Avez-vous un fail à partager ?

Stéphanie : Ce n’était pas chez JobTeaser, mais j’ai fait un truncate cascade de la prod qu’on venait tout juste de mettre à disposition ! Les environnements n’étaient pas du tout isolés et je pensais le faire sur la pré-prod… Ca a pris une semaine pour tout remonter, sachant que les ops n’avaient jamais testé les backups.

Romain : Une feature que j’ai laissé faire pour laquelle on s’est rendu compte de la complexité technique en cours de projet. Là où j’ai vraiment failé, c’est que j’ai donné un go alors que les motivations business n’étaient pas suffisantes et pertinentes. On regardait un concurrent qui n’a pas du tout notre taille et notre capacité de développement. Or, on n’a pas la capacité de gérer la complexité qu’on a introduite ! J’aurais mieux fait de dire non et on se serait débrouillés autrement.

Le truc dont vous êtes le plus fiers ?

Stéphanie : Comme je viens d’intégrer très récemment JobTeaser, aujourd’hui je dirais encore que c’est d’avoir monté la stack data de LeBonCoin ! J’ai monté une super équipe et la stack est vachement utilisée, c’est un succès.

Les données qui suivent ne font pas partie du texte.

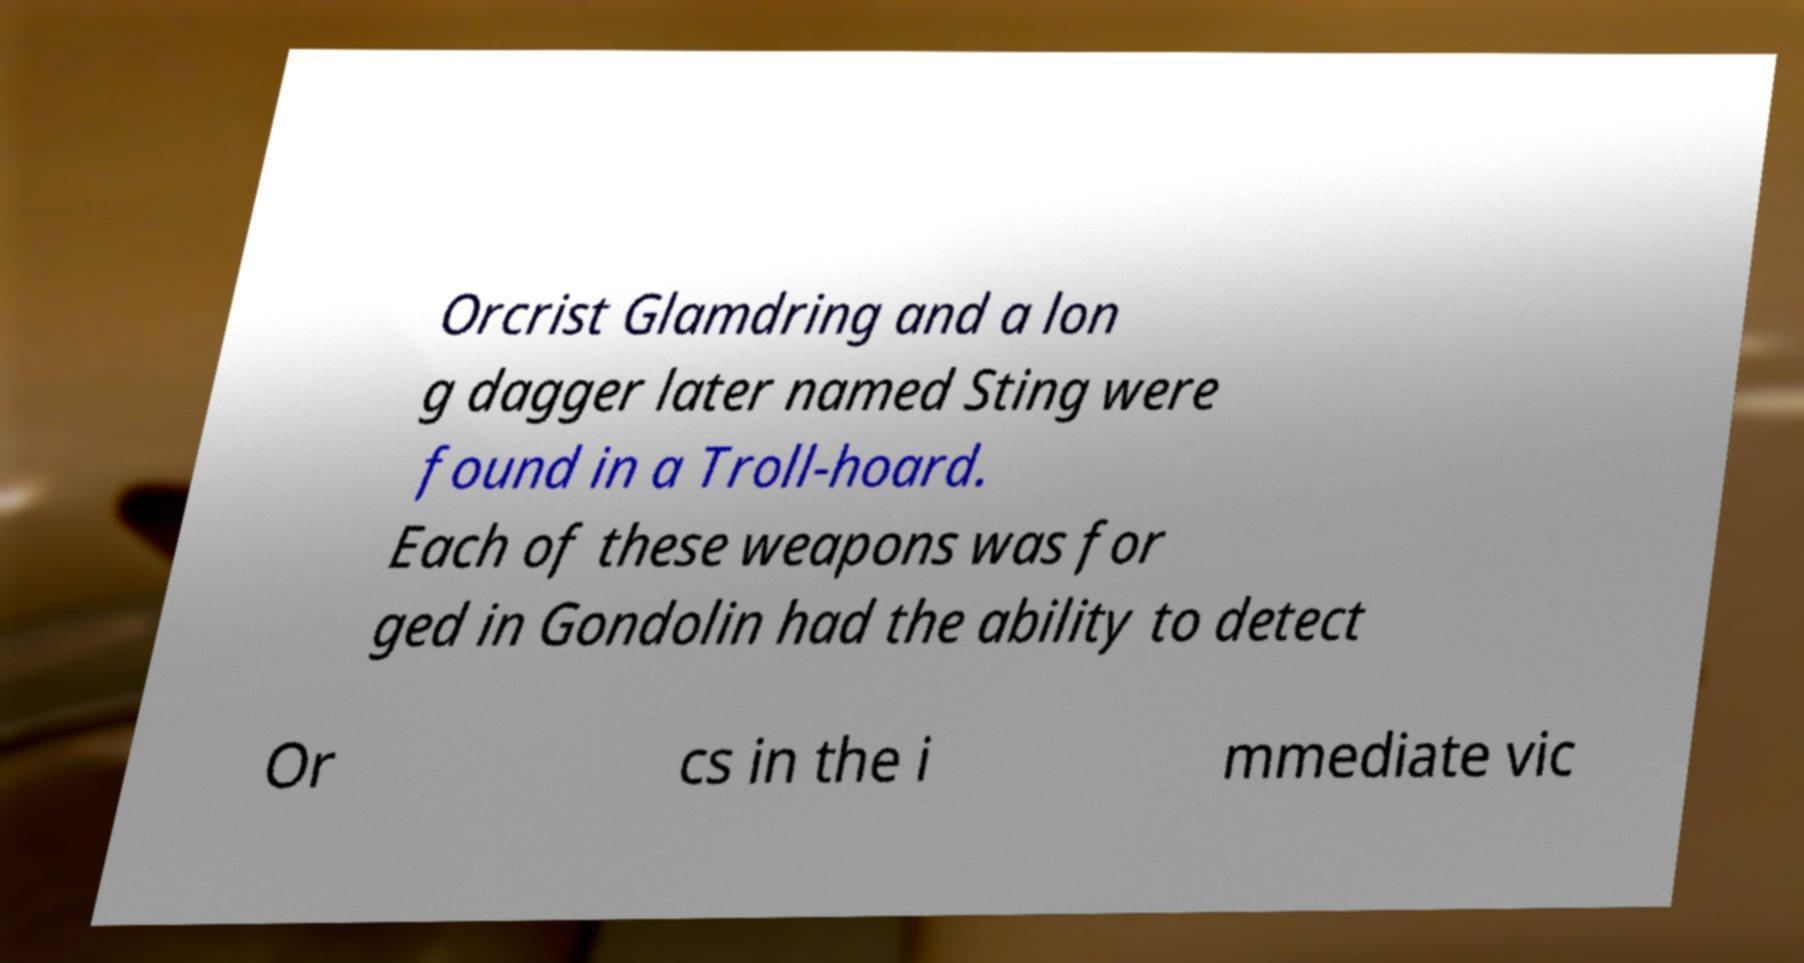Please read and relay the text visible in this image. What does it say? Orcrist Glamdring and a lon g dagger later named Sting were found in a Troll-hoard. Each of these weapons was for ged in Gondolin had the ability to detect Or cs in the i mmediate vic

Romain : Ce qu’on a construit : l’orga, la culture qu’on a réussi à faire émerger chez JobTeaser.

Est-ce que vous dormez bien la nuit ?

Stéphanie : Depuis que je ne suis plus manager, je dors super bien la nuit !

Romain : Ca dépend des périodes : là ça va mais, quand les 3 annonces de démissions sont arrivées c’était un peu plus dur. Quand on manquait un peu de résilience sur le front aussi…

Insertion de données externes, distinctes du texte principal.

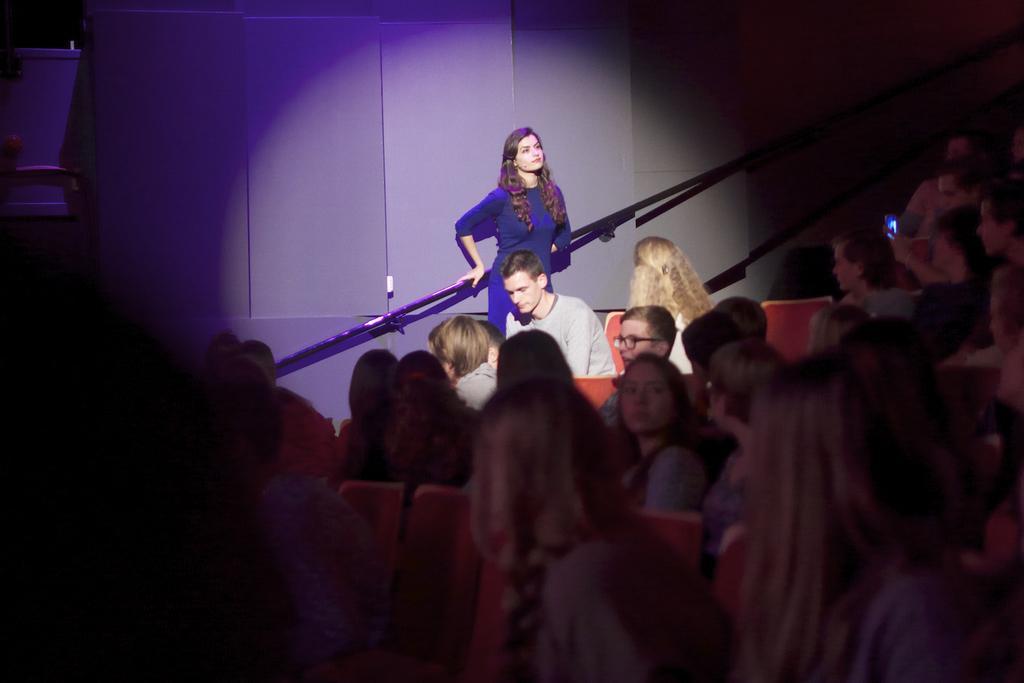Can you describe this image briefly? In this image there are group of people sitting on the chairs, and in the background there is a focus light on the person who is standing.

Comment vous imaginez-vous dans 5 ans, 10 ans ?

Romain : J’aimerais avoir réussi à changer mon quotidien : ne pas être un point de centralisation qui prend des décisions mais plutôt une source d’inspiration et un moteur pour tout le monde. Je voudrais avoir le temps de tester des technos et pouvoir être force de proposition sur le plan de l’innovation. Je me projette toujours chez JobTeaser en tout cas.

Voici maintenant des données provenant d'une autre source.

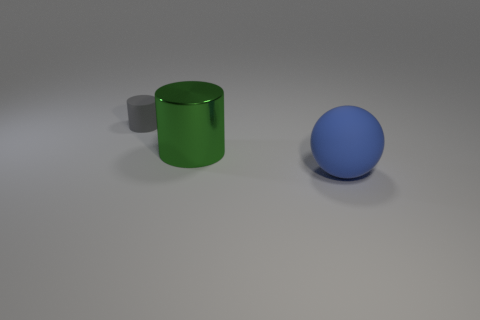What color is the metal thing?
Your answer should be compact. Green. How many tiny objects are either blue rubber spheres or metallic cubes?
Provide a succinct answer. 0. Is the color of the cylinder that is behind the green cylinder the same as the large thing behind the big ball?
Make the answer very short. No. What number of other things are the same color as the big sphere?
Ensure brevity in your answer.  0. What shape is the matte thing in front of the gray matte thing?
Give a very brief answer. Sphere. Is the number of cylinders less than the number of gray matte cylinders?
Provide a succinct answer. No. Does the object in front of the big cylinder have the same material as the large cylinder?
Keep it short and to the point. No. Is there anything else that has the same size as the sphere?
Provide a succinct answer. Yes. Are there any large cylinders right of the matte sphere?
Offer a terse response. No. What color is the rubber object in front of the rubber object left of the matte thing that is in front of the gray cylinder?
Ensure brevity in your answer.  Blue.

Stéphanie : Dans 5 ans je voudrais avoir suffisamment de compétences techniques pour participer à un projet open-source data. J’aimerais aussi monter une belle stack data scalable et qui serve l’international chez JobTeaser. L’année dernière je t’aurais dit complètement autre chose !

Une bonne résolution ?

Stéphanie : Faire plus de dev chez moi !

Romain : Arriver à implémenter des trucs du dernier bouquin que j’ai lu : The Toyota Way.  Il explique le leadership à la Toyota, qui est un bon croisement entre le management par objectifs et celui par les moyens. La pyramide est inversée : les plus importants sont les contributeurs des plus bas niveaux et ceux qui sont en dessous servent le haut de la pyramide. Cette vision n’est pas uniquement bienveillante et aussi orientée métrique et data. C’est une source d’inspiration pour structurer et transformer l’équipe. Il y a aussi le Kaysen pour s’améliorer au quotidien : faire surfacer les problèmes plutôt que de les enfouir et voir comment les résoudre. On entend beaucoup parler du lean mais ils expliquent que ça a été un peu détourné et si on n’a pas les fondamentaux du leadership à la Toyota, le lean ne fonctionnera pas. Je voudrais appliquer ces principes et bien les transmettre pour embarquer les équipes avec moi dans cette démarche.

Des startups dont vous voudriez connaître l’architecture, à nominer une prochaine interview #SousLeCapot ?

Stéphanie : ContentSquare qui est purement data driven et dont je voudrais connaitre l’archi.

Romain : Alkemics car ils sont assez data, et pour avoir un peu discuté avec les fondateurs, je les trouve un peu en avance sur nous côté orga et engineering management. Aussi Talentsoft : c’est une grosse boite française et je suis curieux de savoir comment ils sont structurés et architecturés.